Creating Effective Review Templates
Generic performance review forms often miss what matters for engineers. Your template should capture technical contributions, collaboration, and growth.
Self-Review Template
## Self-Review Template
### 1. Technical Contributions
- List 3-5 projects you worked on this review period
- Include PRs merged, bugs fixed, or features shipped
- Note any technical debt reduction or refactoring
### 2. Code Review Activity
- Number of PRs reviewed:
- Number of PRs author:
- Patterns or knowledge you shared with the team:
### 3. Collaboration
- How did you help teammates this quarter?
- Who provided valuable support to you?
### 4. Challenges Faced
- What blockers did you encounter?
- How did you overcome them (or are they still unresolved)?
### 5. Goals for Next Period
- 1-2 specific, measurable goals:
Common mistake: Engineers often write self-reviews in abstract terms (“worked on performance improvements”). Coach your team to use specific metrics: “Reduced API response time from 340ms to 95ms by implementing query result caching on the product search endpoint.” Specificity makes the review more useful and gives the engineer better material for future job searches or promotion cases.
Peer Feedback Template
Peer feedback works best when it’s structured around specific behaviors rather than vague impressions:
## Peer Feedback for [Engineer Name]
### Collaboration
- How effectively does this person share knowledge?
- Do they respond helpfully in code reviews and Slack?
### Technical Quality
- Rate code quality from recent PRs (1-5):
- Examples of strong/weak technical decisions:
### Growth
- What's one area where they've improved this quarter?
- What advice would you give for continued growth?
### Optional: Specific Example
Describe one specific situation where they demonstrated [strength/area for improvement]:
Who should give peer feedback? Aim for 3 peers who have worked directly with the engineer in the review period—ideally one senior, one peer-level, and one person from an adjacent team. Avoid selecting only close collaborators; reviewers who’ve experienced friction with the engineer often provide the most growth-oriented feedback.
Running the Review Cycle
A typical async review cycle spans two weeks. Here’s how to structure it:
Week 1: Collection Phase
Days 1-2: Manager posts review templates and announces timeline in team channel
# Q1 Performance Review Cycle
**Timeline:**
- Jan 15-17: Complete self-reviews
- Jan 18-21: Peer feedback collection
- Jan 22-25: Manager reviews
- Jan 26-28: Employee read and respond
**Instructions:**
Copy the template from [link], fill it out, and tag me when complete.

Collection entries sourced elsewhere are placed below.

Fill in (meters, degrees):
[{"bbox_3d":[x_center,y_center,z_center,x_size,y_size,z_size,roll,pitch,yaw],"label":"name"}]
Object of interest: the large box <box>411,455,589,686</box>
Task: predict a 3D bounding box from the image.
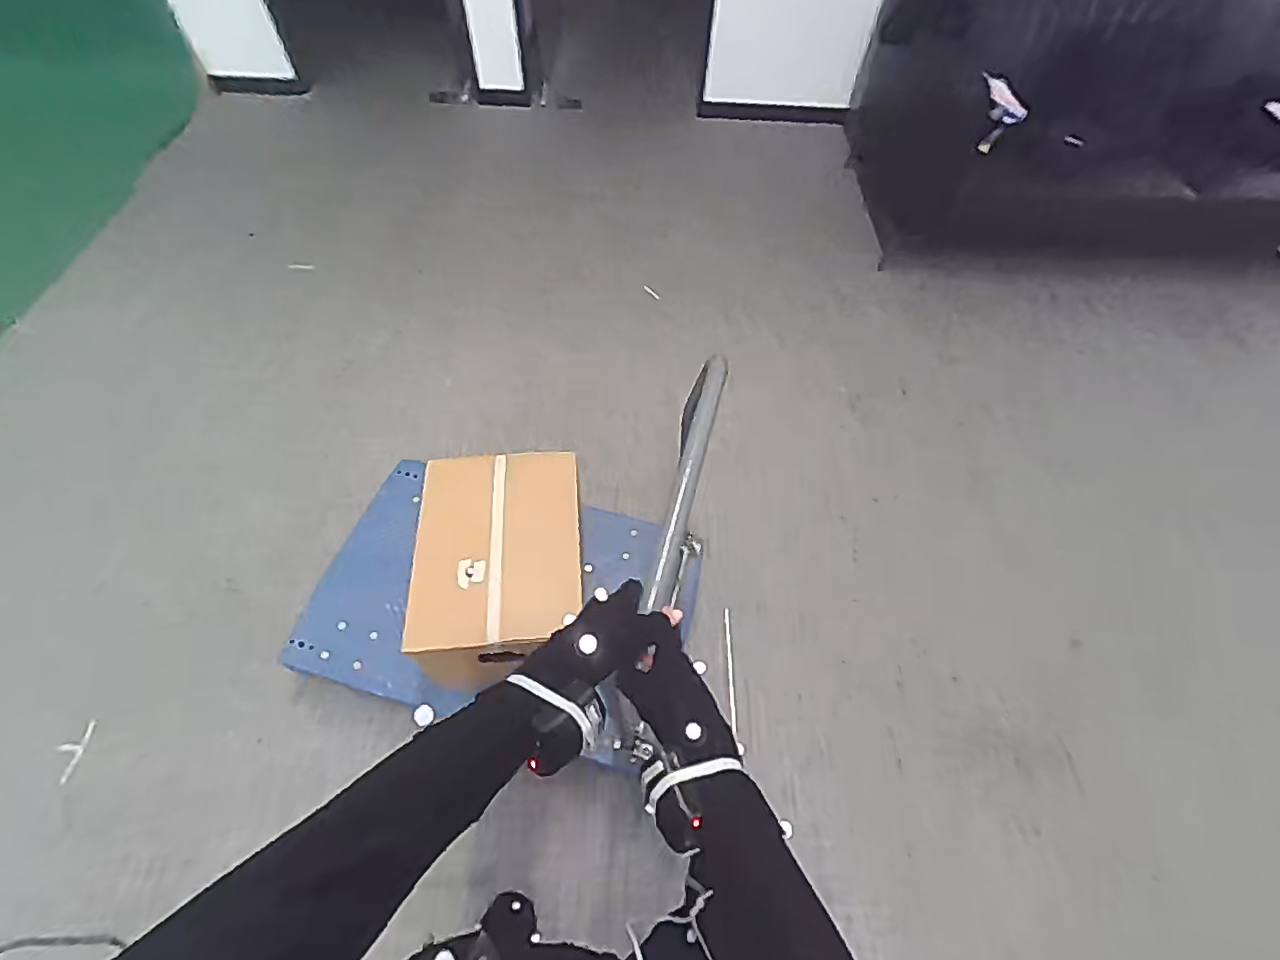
[{"bbox_3d":[-0.274,0.197,1.172,0.320,0.320,0.408,-3,58,-5],"label":"large box"}]
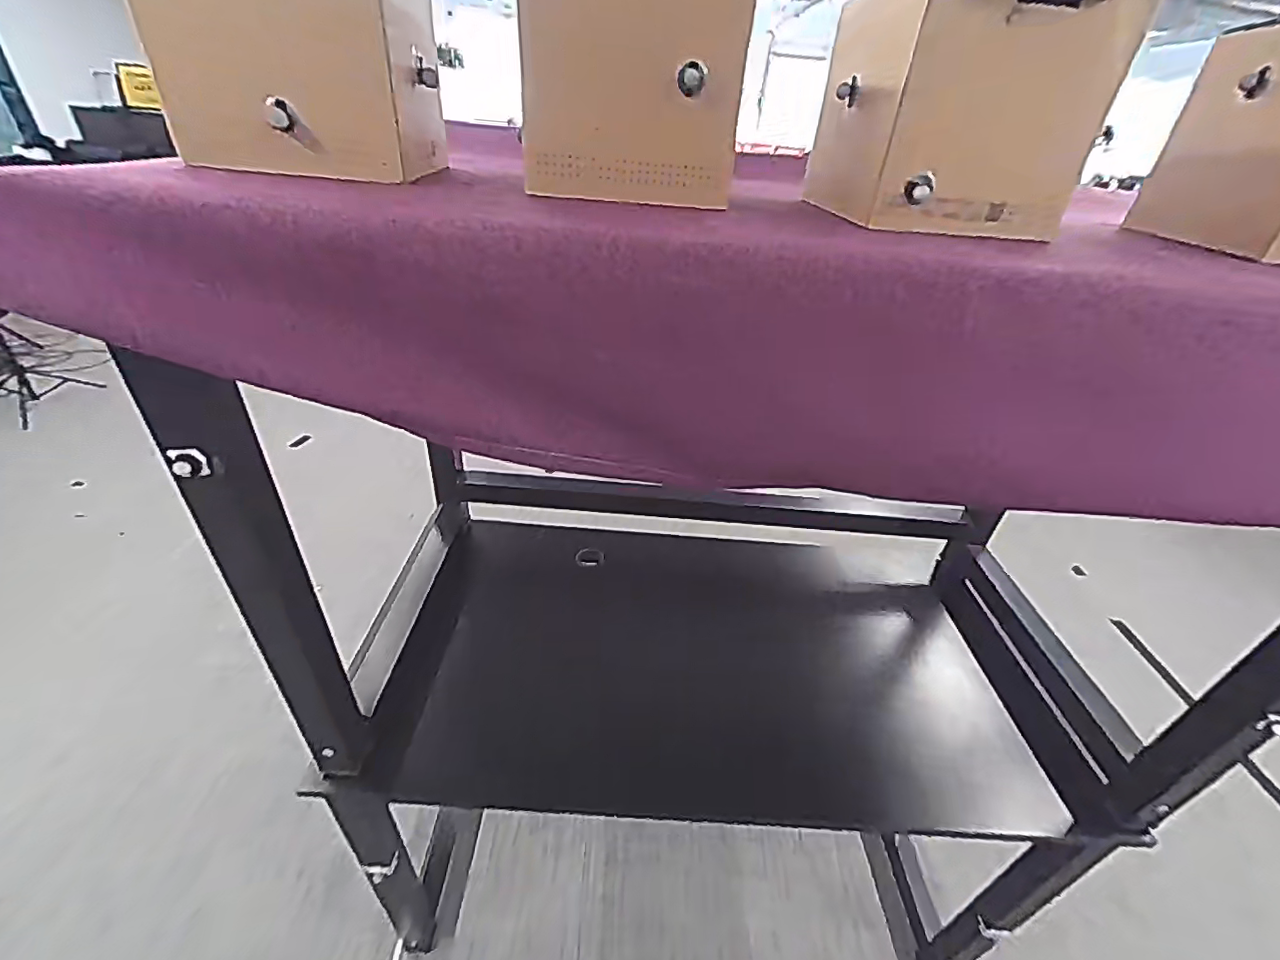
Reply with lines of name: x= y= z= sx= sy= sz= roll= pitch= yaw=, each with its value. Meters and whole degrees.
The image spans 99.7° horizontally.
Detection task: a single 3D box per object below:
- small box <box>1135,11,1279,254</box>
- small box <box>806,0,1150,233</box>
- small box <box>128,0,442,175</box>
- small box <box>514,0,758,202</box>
small box: x=0.593 y=-0.286 z=0.458 sx=0.168 sy=0.176 sz=0.179 roll=6 pitch=34 yaw=2
small box: x=0.263 y=-0.319 z=0.465 sx=0.168 sy=0.176 sz=0.179 roll=2 pitch=33 yaw=-6
small box: x=-0.276 y=-0.362 z=0.454 sx=0.179 sy=0.176 sz=0.168 roll=2 pitch=34 yaw=-6
small box: x=-0.008 y=-0.349 z=0.475 sx=0.179 sy=0.176 sz=0.168 roll=2 pitch=34 yaw=-4
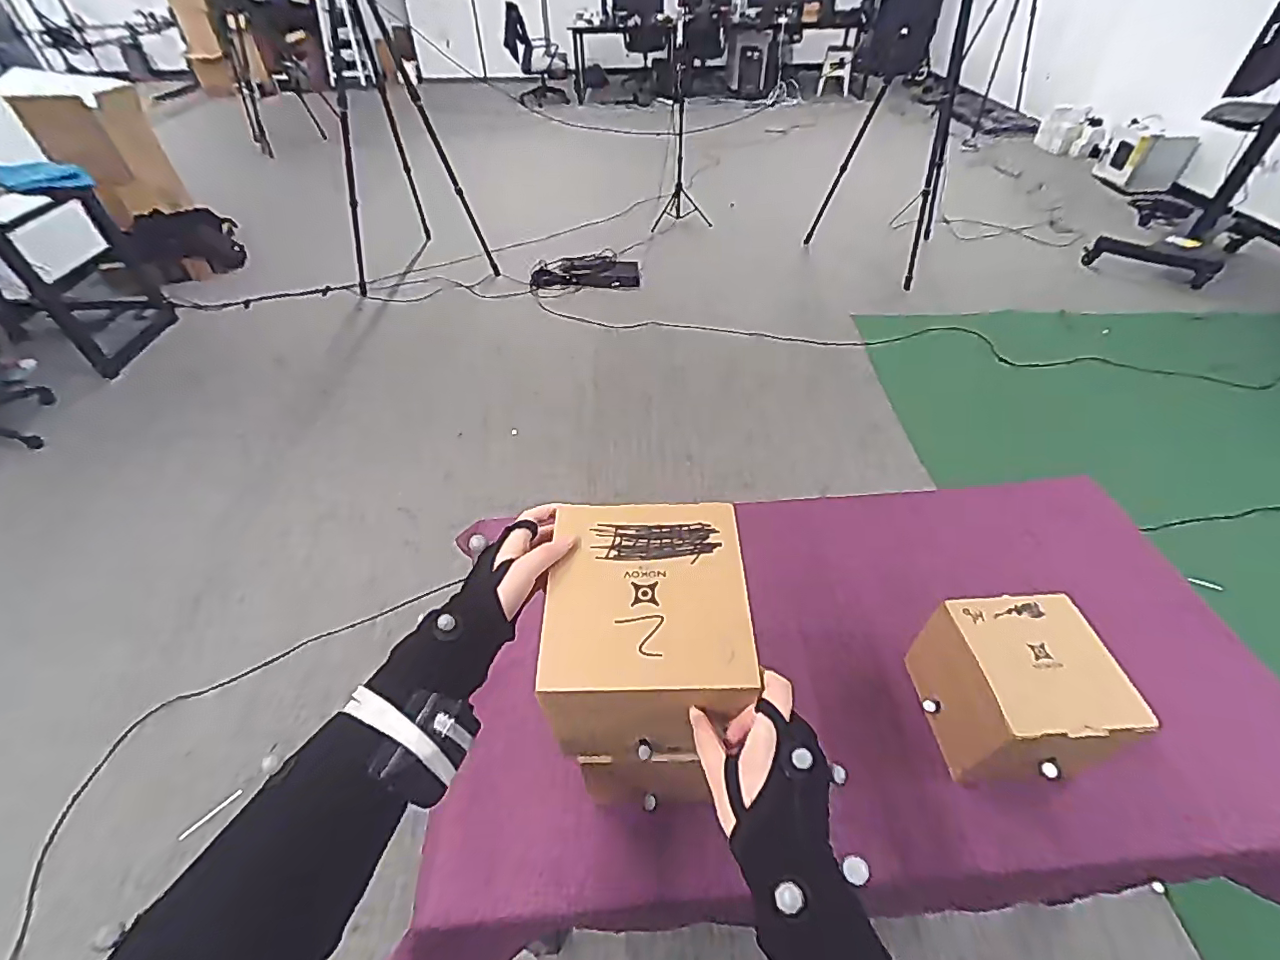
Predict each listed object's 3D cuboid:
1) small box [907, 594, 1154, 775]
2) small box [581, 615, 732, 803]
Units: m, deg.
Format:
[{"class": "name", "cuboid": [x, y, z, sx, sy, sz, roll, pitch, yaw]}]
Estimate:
[{"class": "small box", "cuboid": [0.482, 0.271, 0.706, 0.168, 0.176, 0.179, -2, 46, -1]}, {"class": "small box", "cuboid": [0.017, 0.293, 0.693, 0.168, 0.176, 0.179, -1, 46, 0]}]
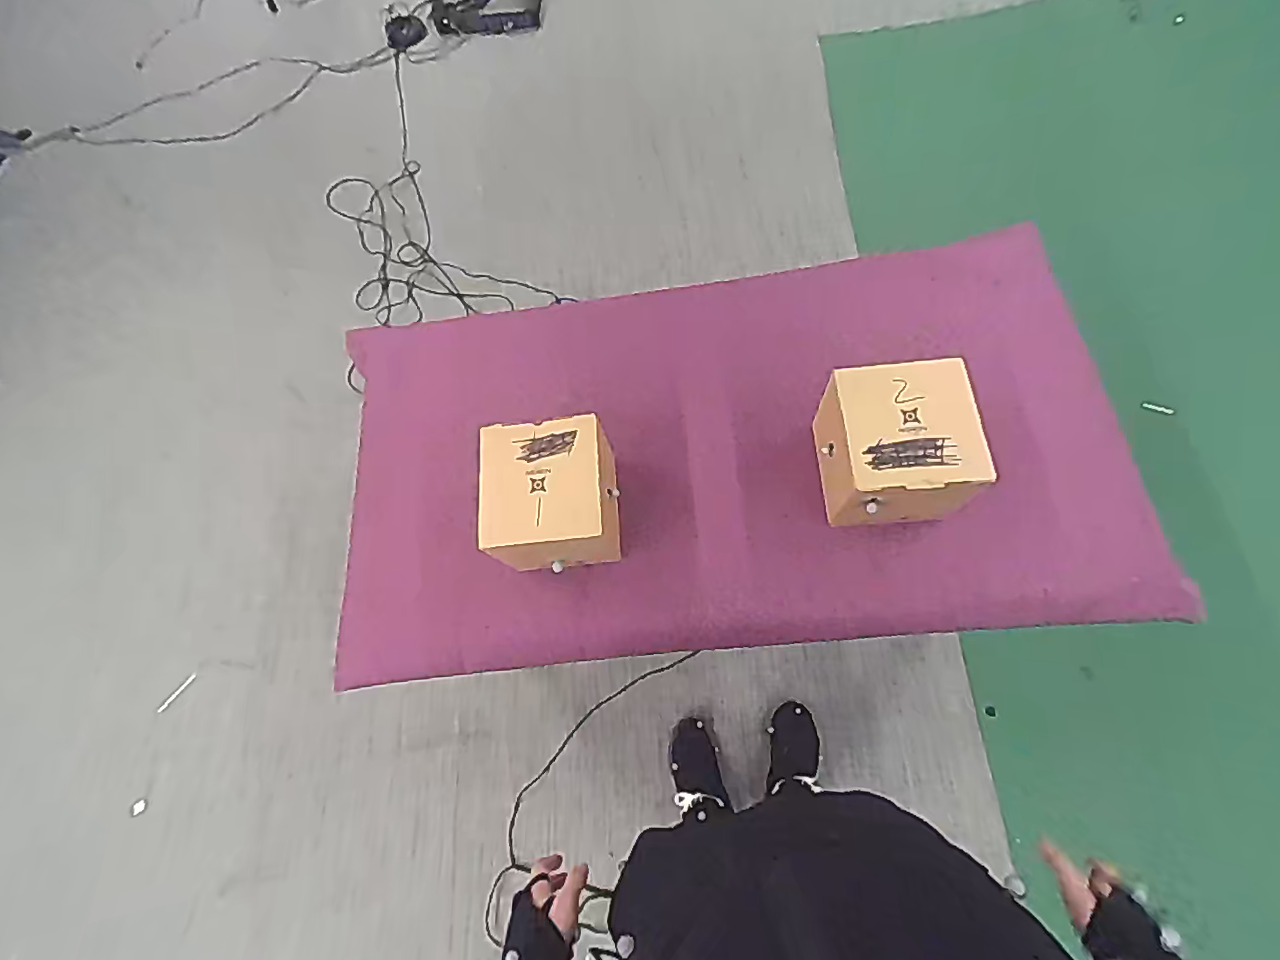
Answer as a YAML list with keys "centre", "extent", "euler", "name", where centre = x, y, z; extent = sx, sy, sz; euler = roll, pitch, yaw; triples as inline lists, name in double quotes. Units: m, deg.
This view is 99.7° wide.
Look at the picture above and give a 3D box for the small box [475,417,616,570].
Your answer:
- centre: [-0.130, 0.027, 0.798]
  extent: [0.168, 0.176, 0.179]
  euler: [-6, 70, 4]
  name: "small box"
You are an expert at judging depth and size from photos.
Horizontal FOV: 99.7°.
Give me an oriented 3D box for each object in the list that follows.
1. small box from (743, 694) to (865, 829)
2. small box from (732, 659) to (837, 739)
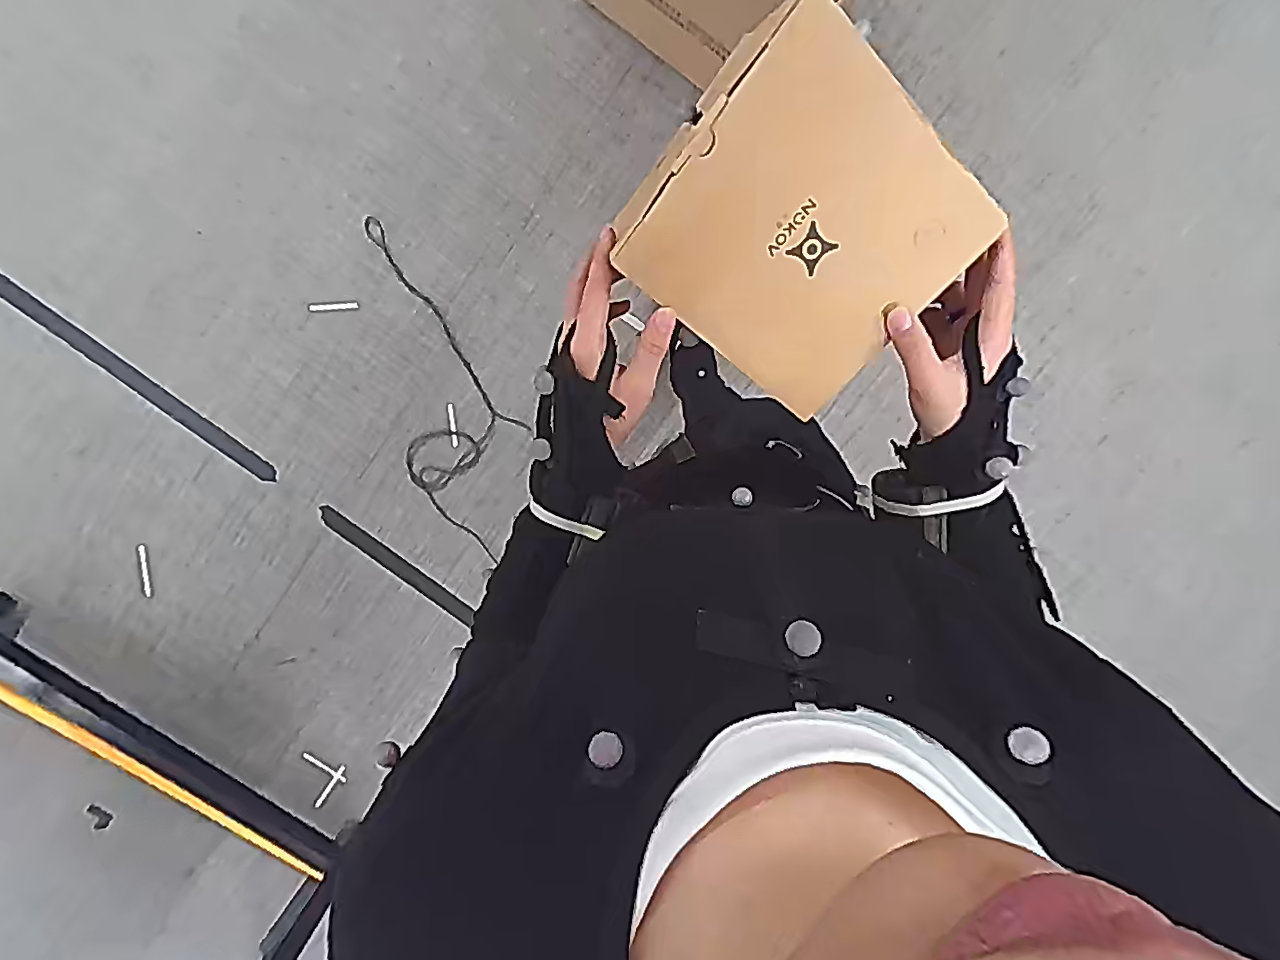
[{"bbox_3d":[0.355,0.615,1.206,0.179,0.176,0.168,35,96,-4],"label":"small box"},{"bbox_3d":[0.357,0.590,1.369,0.179,0.176,0.168,36,97,-4],"label":"small box"}]

Days 3-5: Engineers complete self-reviews. Simultaneously, trigger peer feedback requests.
Days 6-7: Peers provide feedback. Managers can begin reading self-reviews.
Week 2: Synthesis Phase
Days 8-10: Manager writes their review, incorporating self-assessment and peer feedback
Days 11-12: Employee receives manager review, has time to read and reflect
Days 13-14: Optional synchronous follow-up for clarifications, goal-setting discussion
Scheduling the optional sync: Frame this as “a 30-minute conversation if you’d like one” rather than a mandatory call. Many engineers in well-run async review cycles find they have few questions after reading a thorough written review. Keeping the sync optional respects time zones and signals that the written review stands on its own.
Handling Difficult Conversations
Async reviews occasionally surface issues requiring sensitive handling. When feedback reveals performance concerns or interpersonal conflicts, transition to synchronous communication:
## Escalation Protocol
**Red Flags in Async Reviews:**
- Repeated patterns of missed deadlines
- Multiple peer feedback citing communication issues
- Self-assessment significantly misaligned with manager perception
**Action Steps:**
1. Document specific examples from review period
2. Schedule 1:1 video call (not async)
3. Create concrete improvement plan with check-ins
4. Schedule follow-up review in 30-60 days
The rule here is simple: async for information gathering, synchronous for difficult conversations. A written performance improvement plan delivered without a human conversation is a management failure, regardless of how distributed your team is.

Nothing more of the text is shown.